The Perfect Post-truth President
Among the many unsettling developments of the incipient Trump era, Oxford Dictionaries this week declared “post-truth” its international word of the year. The term is defined by the dictionary as an adjective “relating to or denoting circumstances in which objective facts are less influential in shaping public opinion than appeals to emotion and personal belief.”
As with the real news that fake news disseminated on Facebook may have tilted the US presidential election, the real news — at least it seems real, it’s hard to tell in a post-truth world — that post-truth is now a thing, elicits the immediate reaction of “How did this happen?” and the subsequent reaction, “What can we do about it?”
How did this happen is fairly easily explained by nearly two decades of Balloon Boys, tanning moms, reality shows and creepy clown epidemics — a post-internet, social media-fuelled extravaganza of content, overwhelmingly contrived, in which objective facts have been less influential in shaping public opinion than appeals to emotion and personal belief.
Donald Trump has been both a purveyor of this content — in both the entertainment and political realms— and beneficiary of the phenomenon that has elevated it to the status of fact.
The political exploitation of post-truth may be new to America in its most recent, emotionally charged incarnation as opposed to its less sophisticated, pre-post-truth manifestations, which included lying, prevaricating, non-denial denials and pathological parsing, all of which were considered politically undesirable, possibly disqualifying and, occasionally, impeachable.
But it is not new to other, less democratic jurisdictions. Post-truth has been the status quo in countries where unimaginable effort and expense are expended annually to perpetuate narratives in which objective facts have been less influential in shaping public opinion than appeals to emotion and personal belief for a few years now.
The value in this practice is that it enables, justifies and rationalizes the production of certain outcomes — political, social, economic and more and more frequently involving the suspension of civil liberties, including the incarceration of the purveyors of real as opposed to fake news, the surveillance of citizens who’ve committed no crime, the wider erosion of privacy laws and the redefinition of dissent to include a breathtakingly vast array of opinion.
Given that, in the nearly three decades since America won the Cold War, the world has gradually shifted away from bottom-line democratic norms and toward practices that echo those of less democratic nations, what are the outcomes that await us as a result of the orgy of post-truth that has been unfolding on the political stage of the only democratic superpower for the past 18 months?

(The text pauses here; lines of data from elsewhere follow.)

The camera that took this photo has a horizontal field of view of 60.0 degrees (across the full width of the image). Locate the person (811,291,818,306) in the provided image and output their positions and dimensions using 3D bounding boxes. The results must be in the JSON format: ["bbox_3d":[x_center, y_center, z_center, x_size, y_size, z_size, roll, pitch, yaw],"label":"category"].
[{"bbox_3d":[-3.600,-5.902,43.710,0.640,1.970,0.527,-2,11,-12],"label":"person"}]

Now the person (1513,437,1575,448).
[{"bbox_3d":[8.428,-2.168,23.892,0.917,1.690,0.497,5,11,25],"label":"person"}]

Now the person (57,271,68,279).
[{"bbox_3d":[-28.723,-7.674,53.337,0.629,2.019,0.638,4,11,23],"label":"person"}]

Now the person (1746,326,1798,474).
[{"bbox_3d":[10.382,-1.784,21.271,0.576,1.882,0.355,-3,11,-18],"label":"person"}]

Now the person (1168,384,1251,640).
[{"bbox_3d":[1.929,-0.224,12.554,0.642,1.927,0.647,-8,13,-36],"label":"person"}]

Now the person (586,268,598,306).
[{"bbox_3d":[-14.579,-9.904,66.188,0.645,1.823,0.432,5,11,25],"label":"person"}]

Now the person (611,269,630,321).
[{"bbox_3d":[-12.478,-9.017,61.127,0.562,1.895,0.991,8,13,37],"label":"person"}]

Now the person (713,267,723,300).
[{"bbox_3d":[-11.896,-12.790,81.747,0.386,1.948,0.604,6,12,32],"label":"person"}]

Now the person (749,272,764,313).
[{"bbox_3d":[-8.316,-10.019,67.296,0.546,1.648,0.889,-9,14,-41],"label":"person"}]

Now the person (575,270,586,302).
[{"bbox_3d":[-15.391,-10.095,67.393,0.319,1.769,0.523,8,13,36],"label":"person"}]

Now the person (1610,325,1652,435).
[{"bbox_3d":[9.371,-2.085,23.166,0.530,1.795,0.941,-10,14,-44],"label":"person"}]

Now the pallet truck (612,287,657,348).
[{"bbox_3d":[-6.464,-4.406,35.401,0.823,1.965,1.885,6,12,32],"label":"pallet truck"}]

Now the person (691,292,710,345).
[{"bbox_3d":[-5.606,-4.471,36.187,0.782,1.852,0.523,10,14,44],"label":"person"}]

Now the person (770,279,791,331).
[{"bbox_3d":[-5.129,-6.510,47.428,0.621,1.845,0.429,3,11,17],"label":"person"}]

It has been widely observed that Donald Trump is not an ideologue and that seems to be true. Mr. Trump, for all his contradictions, seems to be relatively uncomplicated in that he has spent the past half-century satisfying the overriding goal of making money — not an ignoble mission but one that, in most previous presidents, has been either not applicable or dwarfed biographically by more altruistic pursuits.
People were angry before Donald Trump channelled that anger into a previously unthinkable election outcome. They were not particularly angry at each other. They were angry because their lives have changed radically in the past two decades and when the present is this unfamiliar, the future becomes unfathomable. Giving them someone to blame is an alluring diversion from that unfathomability.
As has also been said about Mr. Trump, he may surprise us. It may transpire that the outcomes he envisions benefit not just him and the interests invested in his election victory, but the majority of Americans and people in the rest of the world whose fates are tied to America’s continued ability to effect positive outcomes elsewhere.
Whatever else Donald Trump does, the one thing he has been from the moment he first rolled down that escalator and delivered the launch speech that recalibrated our credulity on what was possible in American political life to the moment he entrenched that recalibration by winning the election, he has been an hourly post-truth content provider and credulity recalibrator.
Meanwhile, what can we do about a culture in which truth has become a casualty of manipulation, manufactured narratives and fiction-based tactical warfare? Practice hypervigilance, informed discernment and unwavering common sense.
Nearly 20 years ago, when I was first based in Washington, I wrote a column about the difference between the job of president and the role of president. Mr. Trump does not, technically, have the job yet. But his role already seems to be to fill our inboxes with the historically unprecedented.